Dopo la conferma della trattativa, è stato lo stesso presidente del club turco, Unal Aysal, a far sapere che l'ormai ex ct azzurro sarà il successore di Roberto Mancini. "Prandelli riunisce in sé tutte le caratteristiche che vogliamo per il nostro allenatore e da lunedì sarà alla guida della squadra - le sue parole - Siamo convinti di poter raggiungere grandi risultati con lui". Ma, come, Prandelli non era rabbuiato per come era finita la questione relativa agli Azzurri? Evidentemente il ct ha avuto modo di distrarsi accettando un contratto dorato. L'offerta accettata infatti è allettante: un contratto di 3 anni a 4 milioni e 500 mila euro per ciascuna stagione, più 500mila euro di bonus se vince il campionato e altri 500 se conquista i quarti di Champions league. Inoltre, un milione all'anno ai suoi tre collaboratori. Insomma, un autentico Paradiso.

Che uomo si è dimostrato Prandelli? Ai tifosi l'ardua sentenza. Certo è che in Italia è difficile che per lui possa esserci ancora futuro. Le convocazioni ai Mondiali del Brasile sono sembrate azzardate e ai limiti dell'assurdo nei casi di Giuseppe Rossi e Luca Toni, la mancata applicazione del Codice etico nei confronti di Giorgio Chiellini ha invece messo in evidenza un aspetto su cui in molti dibattevano da tempo: l'assoluta mancanza di coerenza quando davanti si ha qualche giocatore dei top team italiani. Mattia Destro escluso dalla "rosa" anche per via del gesto violento nella sfida col Cagliari, occhi chiusi invece nei confronti di Chiellini. Ma come? Ora Prandelli va in Turchia, un campionato che ovviamente nessuno considera a livello continentale, con giocatori di secondo piano e non più di tre squadre a contendersi lo Scudetto. Insomma, un ripiego.

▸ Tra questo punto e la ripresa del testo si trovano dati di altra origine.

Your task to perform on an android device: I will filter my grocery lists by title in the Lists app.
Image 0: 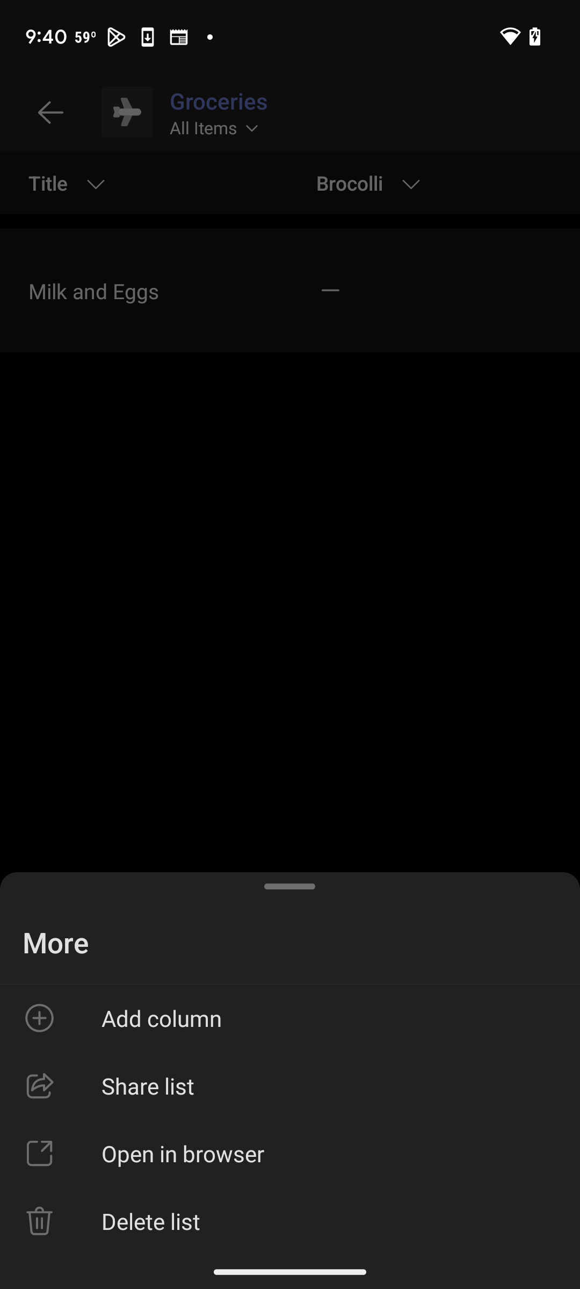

Non è un caso che Mancini, dopo immense vicissitudini, sia arrivato secondo in Campionato ed abbia superato i Gironi di qualificazione. Ma la Turchia vale poco, pochissimo a livello continentale. E il fatto che il nostro ct finisca in quei posti, significa due soli fattori: che certi personaggi del calcio italiano vanno davvero inquadrati giorno per giorno e che i soldi ormai fanno sempre e solo la differenza.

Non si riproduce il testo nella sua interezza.